🚧🚨 Under development 🚨🚧
A Nextflow pipeline for the GRIDSS/PURPLE/LINX (GPL) toolkit used to call and annotate structural variants. The GPL toolkit is comprised of distinct but closely integrated pieces of software that together leverage both copy number alterations and structural variants detected in short reads to improve calling accuracy and sensitivity.
This pipeline is currently targeted to bcbio outputs.
For AWS users: please see this README.md for AWS usage and other info.
The GPL toolkit contains many pieces of software with numerous dependencies. It is recommended using the pre-built Docker image with the Nextflow pipeline to avoid a laborious installation process. If you cannot or do not want to use Docker, please see the Requirements section for further information.

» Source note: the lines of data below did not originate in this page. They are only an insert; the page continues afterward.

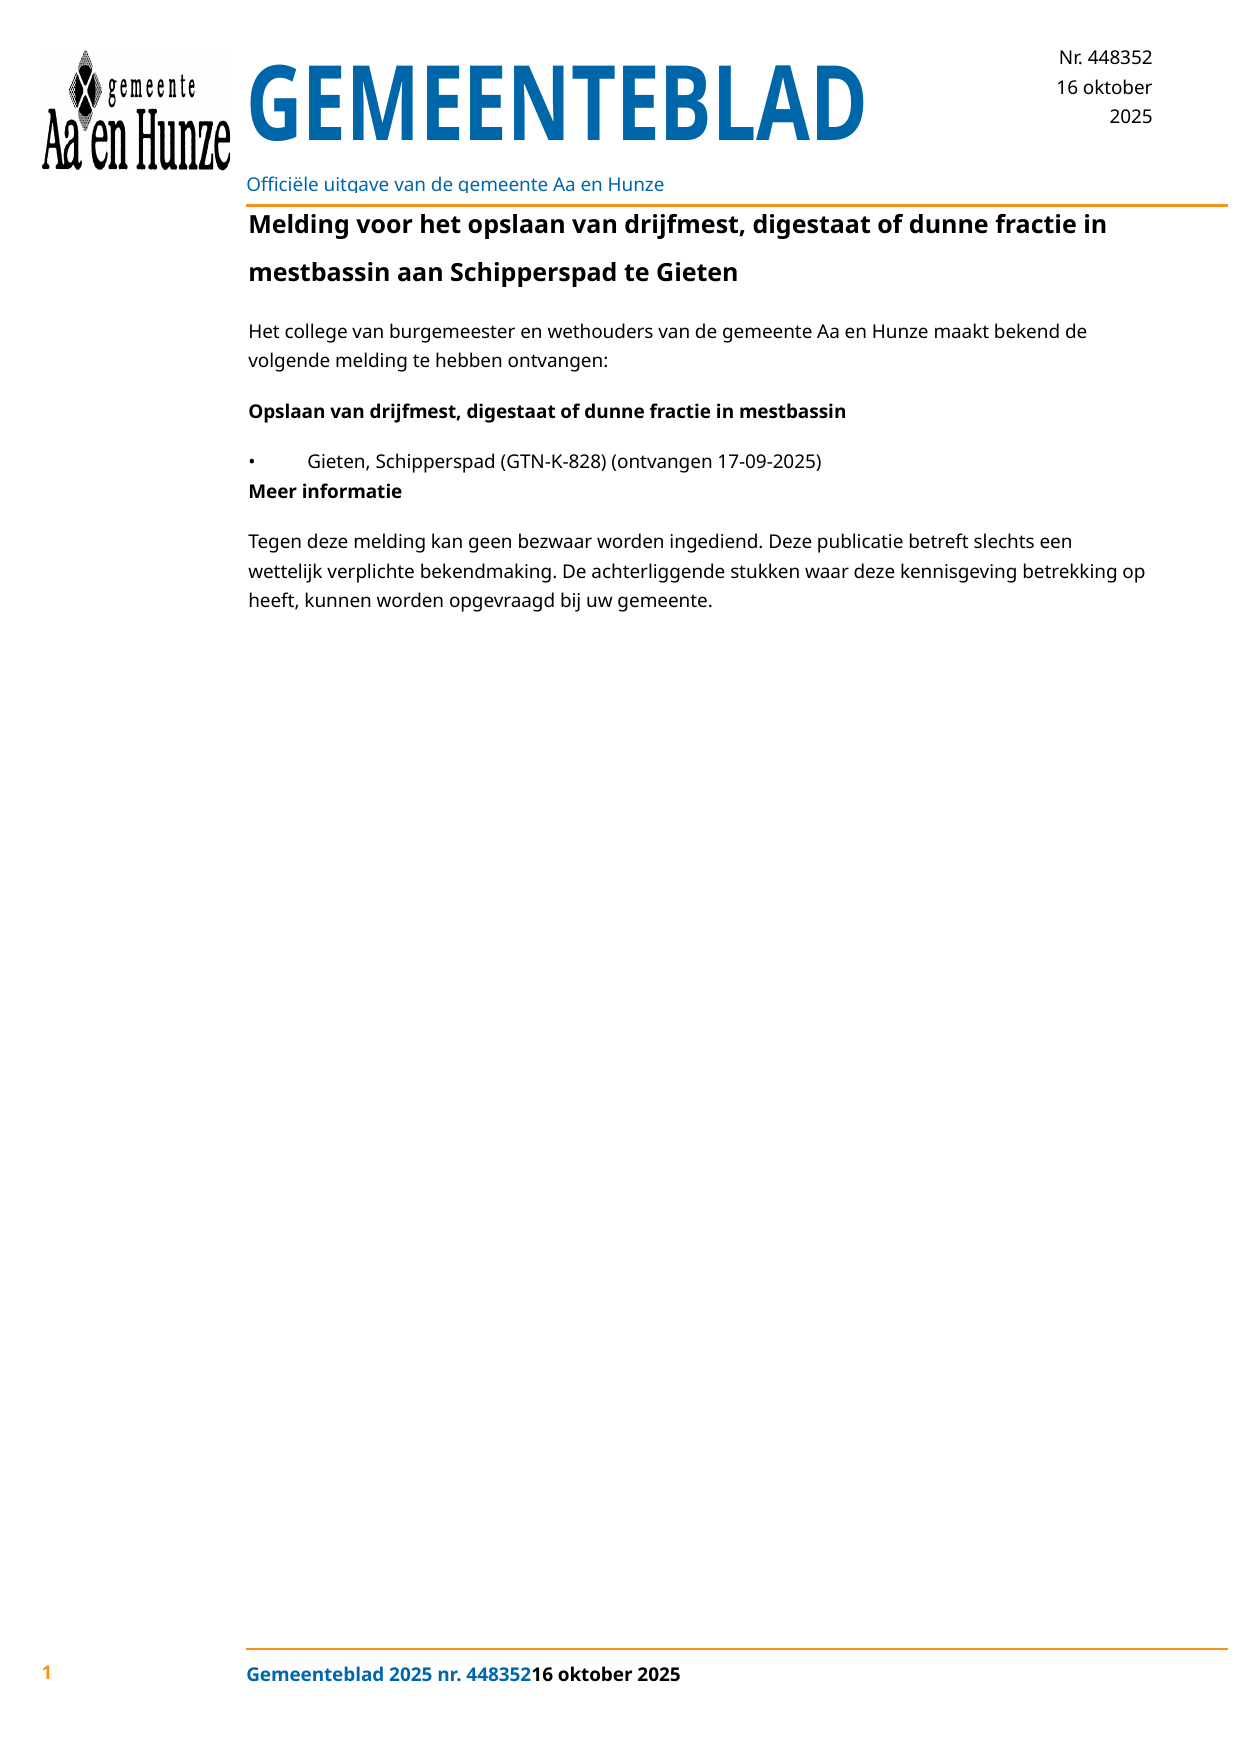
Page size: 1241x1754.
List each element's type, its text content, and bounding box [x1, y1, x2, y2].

picture [41, 47, 231, 172]
text Het college van burgemeester en wethouders van de gemeente Aa en Hunze maakt bekend de volgende melding te hebben ontvangen: [248, 318, 1152, 373]
text Meer informatie [248, 478, 1152, 504]
text Melding voor het opslaan van drijfmest, digestaat of dunne fractie in mestbassin aan Schipperspad te Gieten [248, 207, 1152, 288]
text Tegen deze melding kan geen bezwaar worden ingediend. Deze publicatie betreft slechts een wettelijk verplichte bekendmaking. De achterliggende stukken waar deze kennisgeving betrekking op heeft, kunnen worden opgevraagd bij uw gemeente. [248, 528, 1152, 613]
list Gieten, Schipperspad (GTN-K-828) (ontvangen 17-09-2025) [248, 448, 1152, 474]
text Opslaan van drijfmest, digestaat of dunne fractie in mestbassin [248, 398, 1152, 424]

These installation instructions assume you'll be using the pre-built Docker image with the Nextflow pipeline. Docker must be installed prior to usage.
# Clone repo
git clone https://github.com/umccr/gridss-purple-linx-nf.git && cd gridss-purple-linx-nf/
# Create a Conda environment and install Nextflow if required
conda create -p $(pwd -P)/conda_env/ -y -c bioconda -c conda-forge nextflow
conda activate conda_env/
# Test that you're good to go
./main.nf -help
First you'll need to obtain reference data as described here. Then create a configuration file (for
an example see: nextflow.config
). To execute the pipeline:
./main.nf
Name | Contents |
---|---|
gridss/ |
GRIDSS final output |
gripss/ |
Filtered SVs |
linx_annotation/ |
Data for clustered and annotated SVs |
linx_visualiser/ |
Plots for clustered and annotated SVs |
nextflow/ |
Pipeline config, logs, and reports |
nextflow/work/ |
Intermediary work files |
purple/ |
CNA calls, purity, ploidy |
Name | Description |
---|---|
<tumor_name>_linx.html |
gpgr LINX Rmd report |
linx_annotation/*tsv |
Grouped and annotated SV events |
linx_visualiser/plot/*png |
SV event plots |
purple/plot/*png |
Purity, ploidy, circos, etc plots |
purple/<tumor_name>.<vcf_type>.vcf.gz |
VCF provided to and annotated by PURPLE |
gridss/sv_annotated.vcf.gz |
Final GRIDSS output SV VCF |
gripps/<prefix>.gripps.filtered.vcf.gz |
Hard filtered SV VCF |
gripps/<prefix>.gripss.vcf.gz |
Soft filtered SV VCF |
nextflow/nextflow_log.txt |
Pipeline log file |
nextflow/nextflow.config |
Pipeline configuration used in run |
nextflow/reports/timeline.html |
Stage execution durations as a timeline |
Software versions only indicate what is currently in use rather than strict requirements
Assumes the pipeline will be executed using the provided Docker image
The GPL toolkit requires a number of reference files. These can be obtained from the HMF Nextcloud instance
here. Alternatively, I've
precompiled the required files on S3, located at s3://umccr-refdata-dev/gpl-nf/
.
Software and code in this repository are under GNU General Public License v3.0 unless otherwise indicated.